:: SUPPLIED RECORDS ::
◆ ◆ ◆ ◆

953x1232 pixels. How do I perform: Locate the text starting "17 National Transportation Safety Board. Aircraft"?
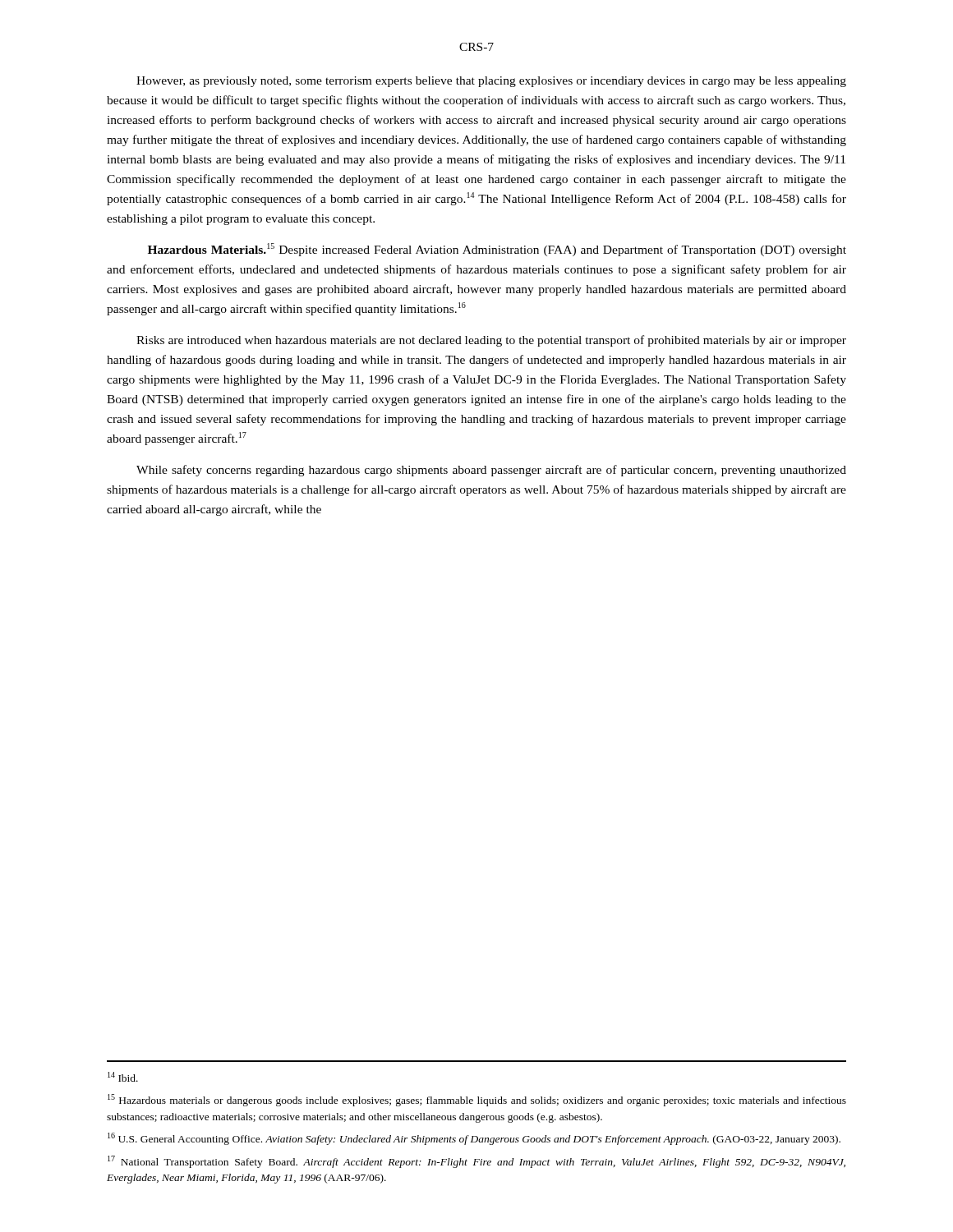tap(476, 1169)
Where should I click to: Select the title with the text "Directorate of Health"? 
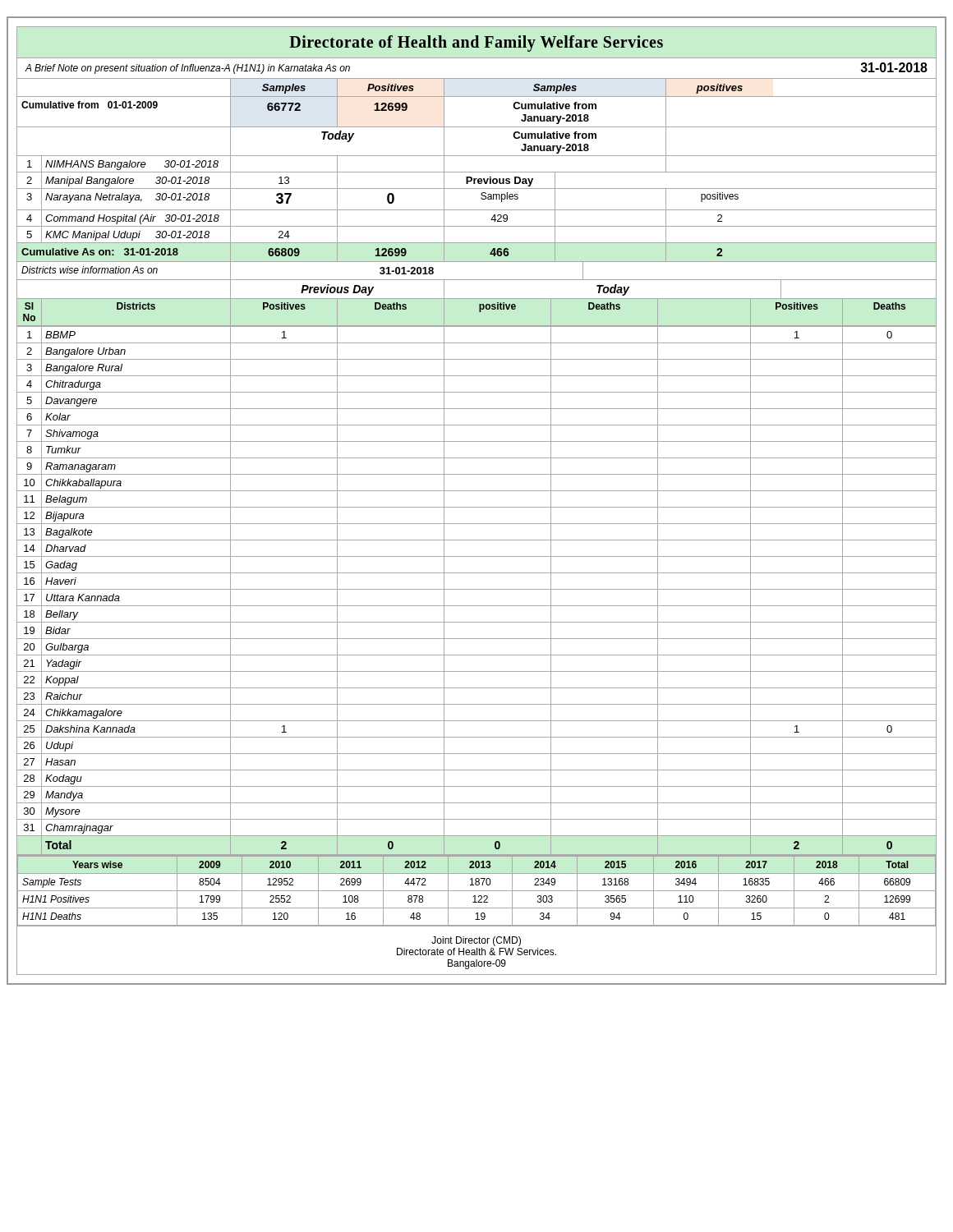point(476,42)
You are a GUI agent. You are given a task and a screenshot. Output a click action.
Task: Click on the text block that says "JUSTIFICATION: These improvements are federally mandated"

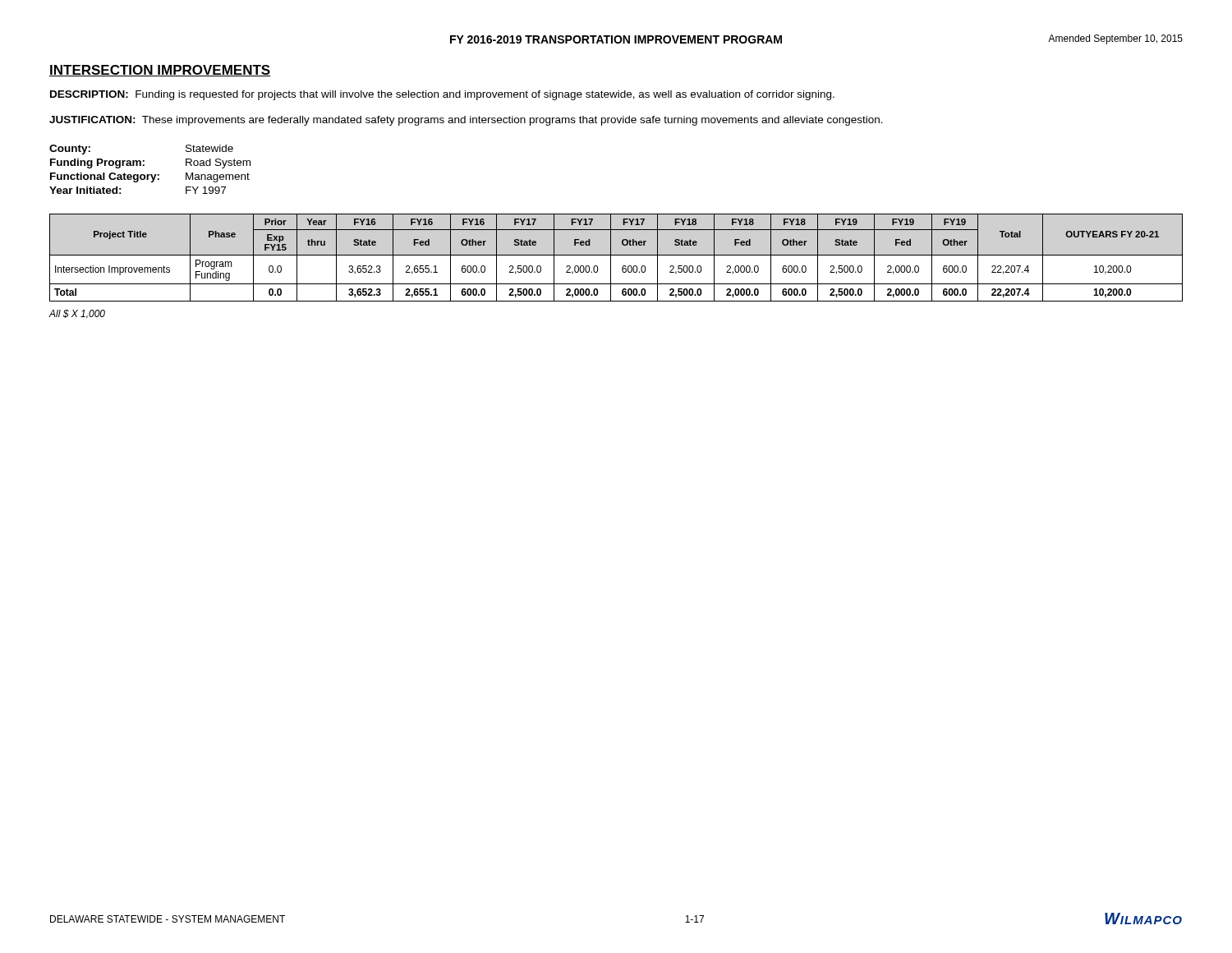466,119
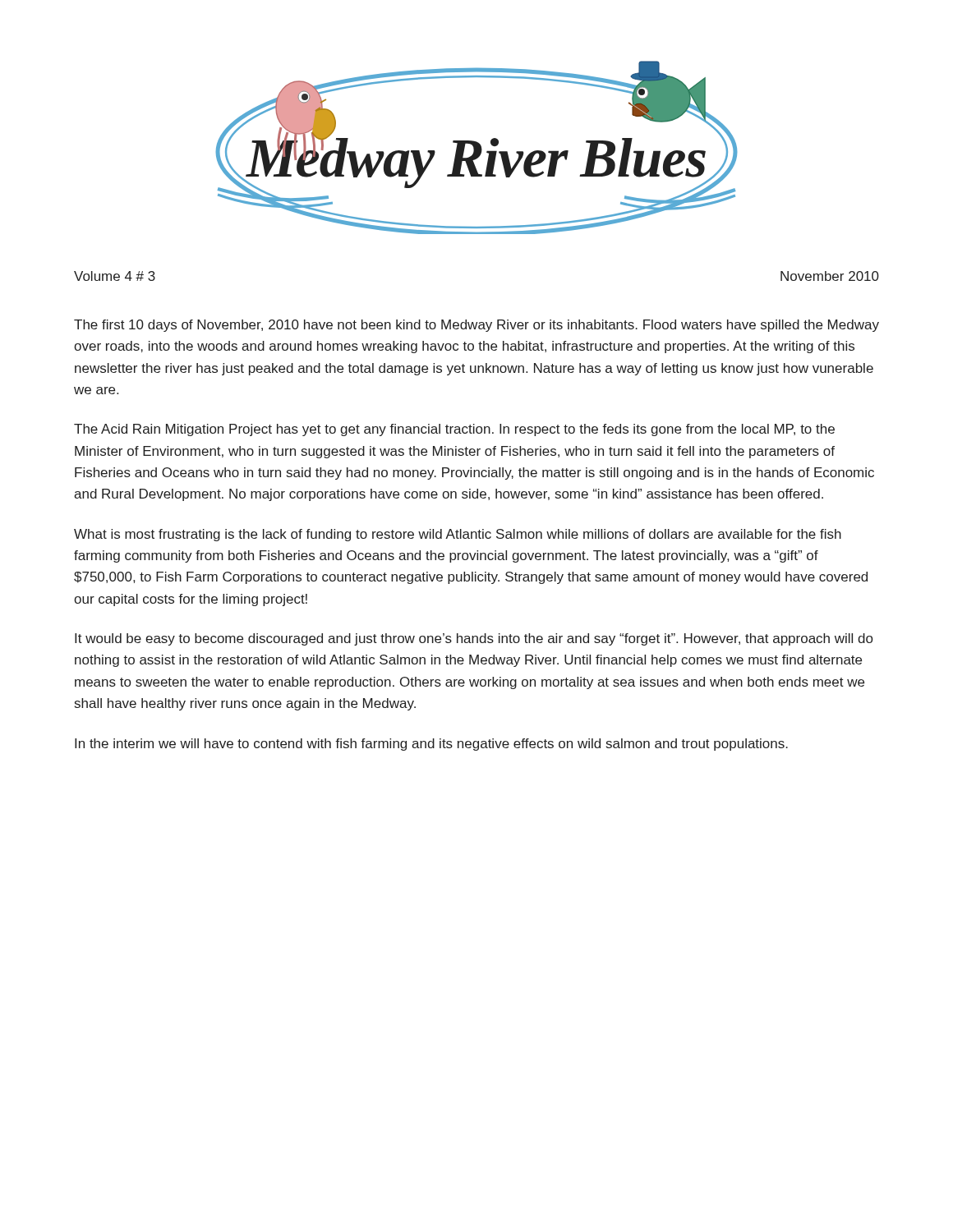Viewport: 953px width, 1232px height.
Task: Locate the text block with the text "It would be easy"
Action: tap(474, 671)
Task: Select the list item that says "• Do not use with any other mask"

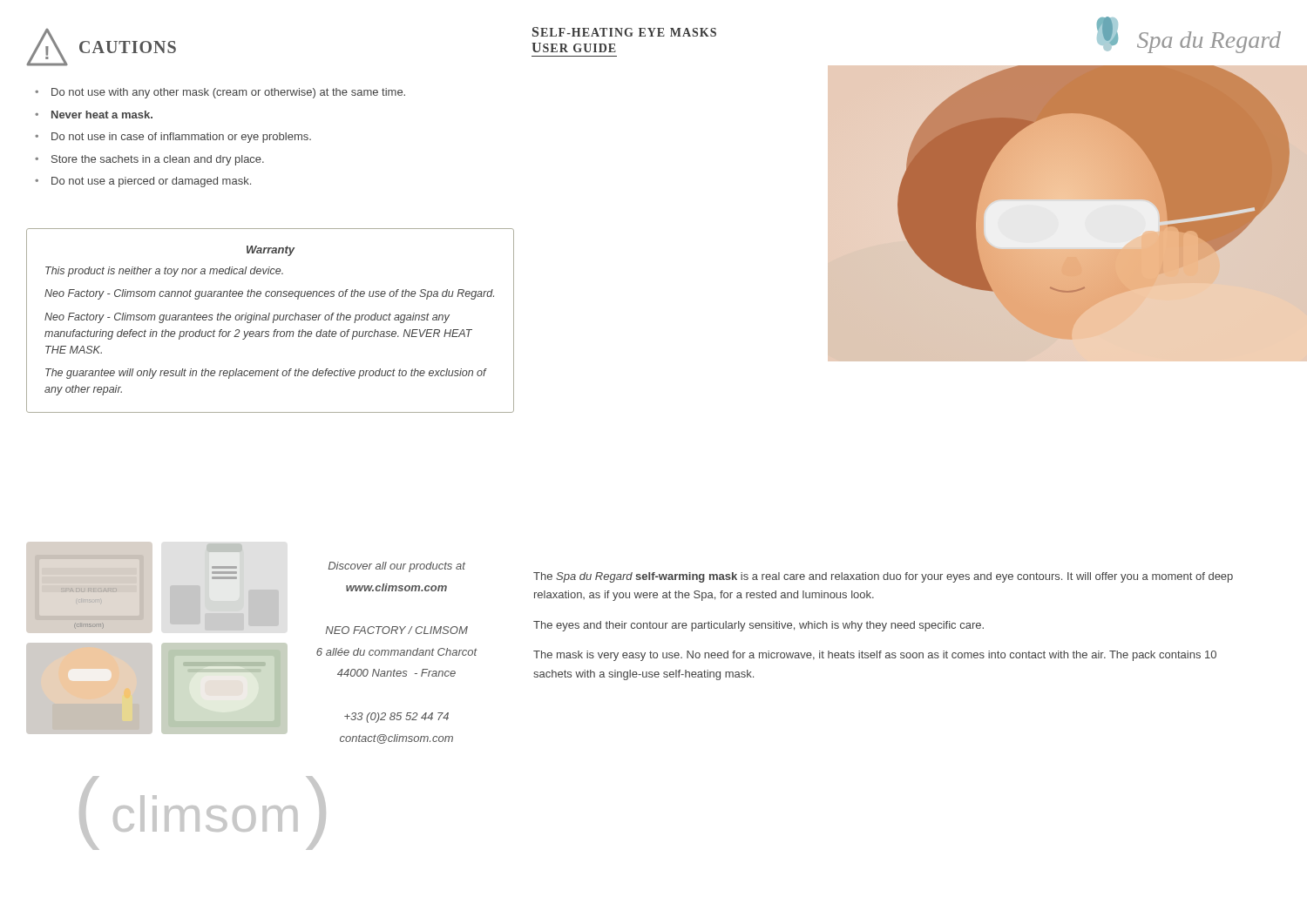Action: tap(221, 92)

◆ ◆ ◆ ◆

:: EXERCISE ::
Write out again only the lines from the line that contains "You are a GUI" through the last line of the records, both ends included, without any of the pictures.

:: RESULT FOR THIS TASK ::
You are a GUI agent. You are given a task and a screenshot. Output a click action.
Task: Click on the text block that says "JUSTIFICATION: These improvements are federally mandated"

466,119
Viewport: 953px width, 1232px height.
Task: Locate the text block with the text "It would be easy"
Action: tap(474, 671)
Task: Select the list item that says "• Do not use with any other mask"

Action: tap(221, 92)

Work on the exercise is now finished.